Goal of the exercise:
Retype exactly the lines of the material below, from the one containing "What about the person <box>1184,551,1186,558</box>?" through the last, with both ends kept.

Task inputs:
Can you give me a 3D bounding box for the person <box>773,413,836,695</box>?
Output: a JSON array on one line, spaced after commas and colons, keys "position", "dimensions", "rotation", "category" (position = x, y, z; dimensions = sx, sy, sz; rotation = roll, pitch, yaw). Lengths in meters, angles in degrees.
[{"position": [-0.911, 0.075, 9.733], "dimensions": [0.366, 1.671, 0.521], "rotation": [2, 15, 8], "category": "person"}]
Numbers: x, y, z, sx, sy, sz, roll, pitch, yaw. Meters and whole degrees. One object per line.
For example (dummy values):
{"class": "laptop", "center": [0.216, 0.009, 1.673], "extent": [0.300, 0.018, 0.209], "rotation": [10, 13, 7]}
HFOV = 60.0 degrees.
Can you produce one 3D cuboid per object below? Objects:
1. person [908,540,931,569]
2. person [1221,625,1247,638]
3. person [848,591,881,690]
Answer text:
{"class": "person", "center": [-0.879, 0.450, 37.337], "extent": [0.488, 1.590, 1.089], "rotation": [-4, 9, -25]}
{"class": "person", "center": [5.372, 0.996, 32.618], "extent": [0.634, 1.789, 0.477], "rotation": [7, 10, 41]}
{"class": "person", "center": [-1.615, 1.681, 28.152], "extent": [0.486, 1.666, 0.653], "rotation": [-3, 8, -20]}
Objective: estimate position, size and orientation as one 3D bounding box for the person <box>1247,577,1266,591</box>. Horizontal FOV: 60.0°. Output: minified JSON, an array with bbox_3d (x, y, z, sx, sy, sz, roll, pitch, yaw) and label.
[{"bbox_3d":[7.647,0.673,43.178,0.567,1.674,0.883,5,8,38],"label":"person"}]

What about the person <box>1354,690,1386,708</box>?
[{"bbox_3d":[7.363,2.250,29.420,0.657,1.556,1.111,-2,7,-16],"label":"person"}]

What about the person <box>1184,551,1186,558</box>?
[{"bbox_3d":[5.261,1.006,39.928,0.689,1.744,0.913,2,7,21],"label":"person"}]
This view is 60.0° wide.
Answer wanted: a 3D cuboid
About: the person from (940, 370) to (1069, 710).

Result for this exercise:
What about the person <box>1184,551,1186,558</box>?
[{"bbox_3d":[5.261,1.006,39.928,0.689,1.744,0.913,2,7,21],"label":"person"}]
This view is 60.0° wide.
Answer wanted: a 3D cuboid
About: the person from (940, 370) to (1069, 710).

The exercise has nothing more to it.